## What is needed
Bring together every line in the data that includes "Annotator".

[Data entries]
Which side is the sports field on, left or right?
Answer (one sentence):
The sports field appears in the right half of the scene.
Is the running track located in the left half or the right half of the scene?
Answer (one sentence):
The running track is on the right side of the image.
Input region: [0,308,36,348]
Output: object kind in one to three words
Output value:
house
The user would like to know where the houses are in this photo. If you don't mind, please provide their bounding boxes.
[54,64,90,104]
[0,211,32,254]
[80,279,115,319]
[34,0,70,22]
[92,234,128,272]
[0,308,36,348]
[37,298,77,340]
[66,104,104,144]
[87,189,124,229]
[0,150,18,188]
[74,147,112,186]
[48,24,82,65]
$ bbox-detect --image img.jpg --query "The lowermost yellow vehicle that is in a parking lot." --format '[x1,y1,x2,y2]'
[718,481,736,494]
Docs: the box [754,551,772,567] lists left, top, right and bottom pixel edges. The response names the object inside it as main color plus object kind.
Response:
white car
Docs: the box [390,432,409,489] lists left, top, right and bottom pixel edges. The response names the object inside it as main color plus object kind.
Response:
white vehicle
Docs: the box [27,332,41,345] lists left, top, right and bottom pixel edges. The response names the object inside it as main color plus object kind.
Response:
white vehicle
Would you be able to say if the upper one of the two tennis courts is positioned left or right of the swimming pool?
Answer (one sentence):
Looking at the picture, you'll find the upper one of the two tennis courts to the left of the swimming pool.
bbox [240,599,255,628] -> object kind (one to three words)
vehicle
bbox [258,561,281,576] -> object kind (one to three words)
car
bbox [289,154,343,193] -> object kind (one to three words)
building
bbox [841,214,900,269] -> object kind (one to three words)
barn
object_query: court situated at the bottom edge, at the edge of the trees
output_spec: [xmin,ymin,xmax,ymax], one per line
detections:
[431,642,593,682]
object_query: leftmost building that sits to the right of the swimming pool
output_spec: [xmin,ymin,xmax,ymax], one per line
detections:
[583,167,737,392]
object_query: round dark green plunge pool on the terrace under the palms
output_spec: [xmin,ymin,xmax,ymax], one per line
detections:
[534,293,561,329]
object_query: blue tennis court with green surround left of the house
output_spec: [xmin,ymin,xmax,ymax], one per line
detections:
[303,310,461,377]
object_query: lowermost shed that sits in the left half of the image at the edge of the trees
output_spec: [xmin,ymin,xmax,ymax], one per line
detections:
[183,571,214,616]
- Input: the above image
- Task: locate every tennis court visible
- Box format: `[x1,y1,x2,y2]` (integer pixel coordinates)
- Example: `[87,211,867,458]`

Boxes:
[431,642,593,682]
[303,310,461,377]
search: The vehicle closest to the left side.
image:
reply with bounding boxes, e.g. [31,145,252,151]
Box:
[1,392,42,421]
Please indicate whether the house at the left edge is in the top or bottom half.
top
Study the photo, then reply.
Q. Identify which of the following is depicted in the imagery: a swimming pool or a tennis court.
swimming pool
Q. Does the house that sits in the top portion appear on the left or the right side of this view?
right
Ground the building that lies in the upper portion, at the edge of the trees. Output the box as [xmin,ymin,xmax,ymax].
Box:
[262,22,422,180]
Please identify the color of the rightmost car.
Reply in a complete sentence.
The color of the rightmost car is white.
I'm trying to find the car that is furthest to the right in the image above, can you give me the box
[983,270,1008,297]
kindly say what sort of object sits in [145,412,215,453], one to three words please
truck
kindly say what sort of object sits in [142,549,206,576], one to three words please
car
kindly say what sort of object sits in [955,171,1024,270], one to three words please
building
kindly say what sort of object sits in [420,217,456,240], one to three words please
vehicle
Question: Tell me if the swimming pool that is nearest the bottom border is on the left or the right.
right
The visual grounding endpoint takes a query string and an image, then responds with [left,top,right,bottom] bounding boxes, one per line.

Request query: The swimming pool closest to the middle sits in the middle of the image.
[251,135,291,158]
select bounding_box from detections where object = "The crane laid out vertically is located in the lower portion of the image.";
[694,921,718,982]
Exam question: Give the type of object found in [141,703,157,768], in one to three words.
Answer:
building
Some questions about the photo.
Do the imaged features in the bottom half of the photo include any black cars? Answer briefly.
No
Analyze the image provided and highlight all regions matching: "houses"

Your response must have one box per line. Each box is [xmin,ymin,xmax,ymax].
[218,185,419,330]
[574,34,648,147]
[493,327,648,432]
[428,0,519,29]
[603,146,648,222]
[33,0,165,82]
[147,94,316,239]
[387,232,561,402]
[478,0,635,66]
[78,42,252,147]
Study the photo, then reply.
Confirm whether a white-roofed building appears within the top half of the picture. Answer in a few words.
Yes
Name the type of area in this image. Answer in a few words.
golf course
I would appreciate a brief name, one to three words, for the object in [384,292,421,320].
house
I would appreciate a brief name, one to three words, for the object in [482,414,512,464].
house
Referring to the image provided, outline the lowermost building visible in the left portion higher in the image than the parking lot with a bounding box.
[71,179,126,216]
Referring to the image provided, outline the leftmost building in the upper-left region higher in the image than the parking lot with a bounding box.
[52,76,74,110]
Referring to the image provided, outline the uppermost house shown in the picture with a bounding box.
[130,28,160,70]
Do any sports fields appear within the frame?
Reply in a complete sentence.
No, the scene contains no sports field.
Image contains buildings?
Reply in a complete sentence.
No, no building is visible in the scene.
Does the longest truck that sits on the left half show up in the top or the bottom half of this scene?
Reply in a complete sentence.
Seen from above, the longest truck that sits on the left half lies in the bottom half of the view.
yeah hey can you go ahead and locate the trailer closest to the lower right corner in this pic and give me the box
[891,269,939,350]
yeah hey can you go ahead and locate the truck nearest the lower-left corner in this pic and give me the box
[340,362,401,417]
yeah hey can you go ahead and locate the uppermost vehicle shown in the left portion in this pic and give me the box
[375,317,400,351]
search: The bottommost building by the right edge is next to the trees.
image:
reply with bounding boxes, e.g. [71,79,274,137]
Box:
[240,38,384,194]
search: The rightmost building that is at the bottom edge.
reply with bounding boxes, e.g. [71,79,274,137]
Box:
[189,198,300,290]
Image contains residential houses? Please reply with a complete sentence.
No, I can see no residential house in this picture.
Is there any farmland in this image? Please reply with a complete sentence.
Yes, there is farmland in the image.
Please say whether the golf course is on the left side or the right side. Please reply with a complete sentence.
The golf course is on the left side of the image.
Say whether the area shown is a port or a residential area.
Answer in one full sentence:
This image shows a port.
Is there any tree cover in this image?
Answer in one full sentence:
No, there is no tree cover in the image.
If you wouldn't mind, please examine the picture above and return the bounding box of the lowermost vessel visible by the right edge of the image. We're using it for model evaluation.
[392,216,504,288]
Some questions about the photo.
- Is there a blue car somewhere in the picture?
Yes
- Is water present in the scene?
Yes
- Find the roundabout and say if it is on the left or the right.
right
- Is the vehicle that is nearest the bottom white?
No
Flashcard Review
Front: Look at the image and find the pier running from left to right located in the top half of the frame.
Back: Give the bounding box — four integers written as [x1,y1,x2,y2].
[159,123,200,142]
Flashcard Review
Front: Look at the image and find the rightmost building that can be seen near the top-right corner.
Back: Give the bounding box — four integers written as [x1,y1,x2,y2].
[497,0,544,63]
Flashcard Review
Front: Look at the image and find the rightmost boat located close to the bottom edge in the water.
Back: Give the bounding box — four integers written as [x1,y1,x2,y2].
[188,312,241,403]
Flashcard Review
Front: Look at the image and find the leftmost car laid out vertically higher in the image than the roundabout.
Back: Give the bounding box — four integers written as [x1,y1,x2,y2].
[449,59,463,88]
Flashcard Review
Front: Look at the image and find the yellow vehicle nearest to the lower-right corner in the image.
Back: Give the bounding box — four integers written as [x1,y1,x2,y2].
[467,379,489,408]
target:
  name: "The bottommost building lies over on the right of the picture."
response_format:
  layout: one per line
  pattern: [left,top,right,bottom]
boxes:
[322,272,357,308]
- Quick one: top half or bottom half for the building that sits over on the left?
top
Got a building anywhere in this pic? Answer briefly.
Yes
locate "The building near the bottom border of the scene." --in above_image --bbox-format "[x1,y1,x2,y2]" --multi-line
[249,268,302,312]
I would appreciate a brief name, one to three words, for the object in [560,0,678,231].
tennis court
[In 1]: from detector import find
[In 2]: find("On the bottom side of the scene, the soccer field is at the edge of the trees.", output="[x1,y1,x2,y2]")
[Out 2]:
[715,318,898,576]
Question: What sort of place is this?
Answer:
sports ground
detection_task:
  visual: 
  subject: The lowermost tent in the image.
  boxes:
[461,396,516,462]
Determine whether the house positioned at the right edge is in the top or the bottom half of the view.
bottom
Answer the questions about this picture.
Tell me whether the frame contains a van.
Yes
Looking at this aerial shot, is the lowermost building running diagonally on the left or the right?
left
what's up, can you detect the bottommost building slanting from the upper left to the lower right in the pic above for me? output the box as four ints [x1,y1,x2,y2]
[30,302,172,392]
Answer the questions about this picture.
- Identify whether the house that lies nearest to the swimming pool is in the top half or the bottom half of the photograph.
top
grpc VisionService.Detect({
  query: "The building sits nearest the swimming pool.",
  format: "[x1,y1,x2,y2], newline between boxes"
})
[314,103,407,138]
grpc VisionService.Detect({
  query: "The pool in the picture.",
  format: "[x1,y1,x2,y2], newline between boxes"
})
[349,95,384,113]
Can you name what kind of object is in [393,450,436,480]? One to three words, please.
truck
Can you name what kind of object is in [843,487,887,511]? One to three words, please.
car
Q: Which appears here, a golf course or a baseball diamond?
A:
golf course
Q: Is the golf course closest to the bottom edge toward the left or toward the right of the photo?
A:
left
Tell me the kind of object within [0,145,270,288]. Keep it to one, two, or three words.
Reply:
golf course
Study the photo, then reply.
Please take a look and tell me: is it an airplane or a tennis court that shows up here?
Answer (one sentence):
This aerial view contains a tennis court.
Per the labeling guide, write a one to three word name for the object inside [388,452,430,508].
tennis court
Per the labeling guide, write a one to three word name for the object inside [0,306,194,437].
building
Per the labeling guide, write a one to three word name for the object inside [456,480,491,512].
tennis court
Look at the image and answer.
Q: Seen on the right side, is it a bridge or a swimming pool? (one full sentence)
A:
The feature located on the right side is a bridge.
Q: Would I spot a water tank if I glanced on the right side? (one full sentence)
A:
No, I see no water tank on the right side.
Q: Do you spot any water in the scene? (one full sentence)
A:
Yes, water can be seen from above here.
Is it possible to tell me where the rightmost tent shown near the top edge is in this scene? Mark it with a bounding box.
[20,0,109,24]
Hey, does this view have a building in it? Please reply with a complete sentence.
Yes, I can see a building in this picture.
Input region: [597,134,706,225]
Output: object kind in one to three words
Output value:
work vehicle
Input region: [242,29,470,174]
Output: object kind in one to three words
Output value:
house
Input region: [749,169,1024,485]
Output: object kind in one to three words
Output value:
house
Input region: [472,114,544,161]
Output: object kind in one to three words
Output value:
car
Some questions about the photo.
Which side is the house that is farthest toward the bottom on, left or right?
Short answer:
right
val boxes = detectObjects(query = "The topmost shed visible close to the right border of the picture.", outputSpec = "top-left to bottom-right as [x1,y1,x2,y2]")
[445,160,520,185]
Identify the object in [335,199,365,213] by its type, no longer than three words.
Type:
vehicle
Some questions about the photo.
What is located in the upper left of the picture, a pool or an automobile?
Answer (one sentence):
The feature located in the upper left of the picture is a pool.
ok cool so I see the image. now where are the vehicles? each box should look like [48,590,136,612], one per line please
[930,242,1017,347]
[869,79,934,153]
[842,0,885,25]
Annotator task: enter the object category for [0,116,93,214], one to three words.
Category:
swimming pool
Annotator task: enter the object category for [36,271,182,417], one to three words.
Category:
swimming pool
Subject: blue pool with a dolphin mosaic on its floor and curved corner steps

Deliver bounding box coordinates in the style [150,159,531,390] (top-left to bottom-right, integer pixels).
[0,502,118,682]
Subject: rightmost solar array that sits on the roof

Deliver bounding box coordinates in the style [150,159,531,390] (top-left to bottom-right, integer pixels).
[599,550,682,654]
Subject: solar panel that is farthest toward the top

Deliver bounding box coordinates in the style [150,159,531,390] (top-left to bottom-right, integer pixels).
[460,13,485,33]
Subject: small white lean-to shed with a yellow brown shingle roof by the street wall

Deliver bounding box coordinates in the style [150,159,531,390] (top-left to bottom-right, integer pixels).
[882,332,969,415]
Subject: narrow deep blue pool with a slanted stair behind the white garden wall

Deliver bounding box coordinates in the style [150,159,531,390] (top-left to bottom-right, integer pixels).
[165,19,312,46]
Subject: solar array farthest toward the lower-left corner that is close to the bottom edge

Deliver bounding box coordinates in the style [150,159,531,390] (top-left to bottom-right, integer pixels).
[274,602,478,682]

## Your solution
Annotator task: enter the object category for [0,116,93,214], one to three words.
Annotator task: enter the object category for [36,271,182,417], one to three words.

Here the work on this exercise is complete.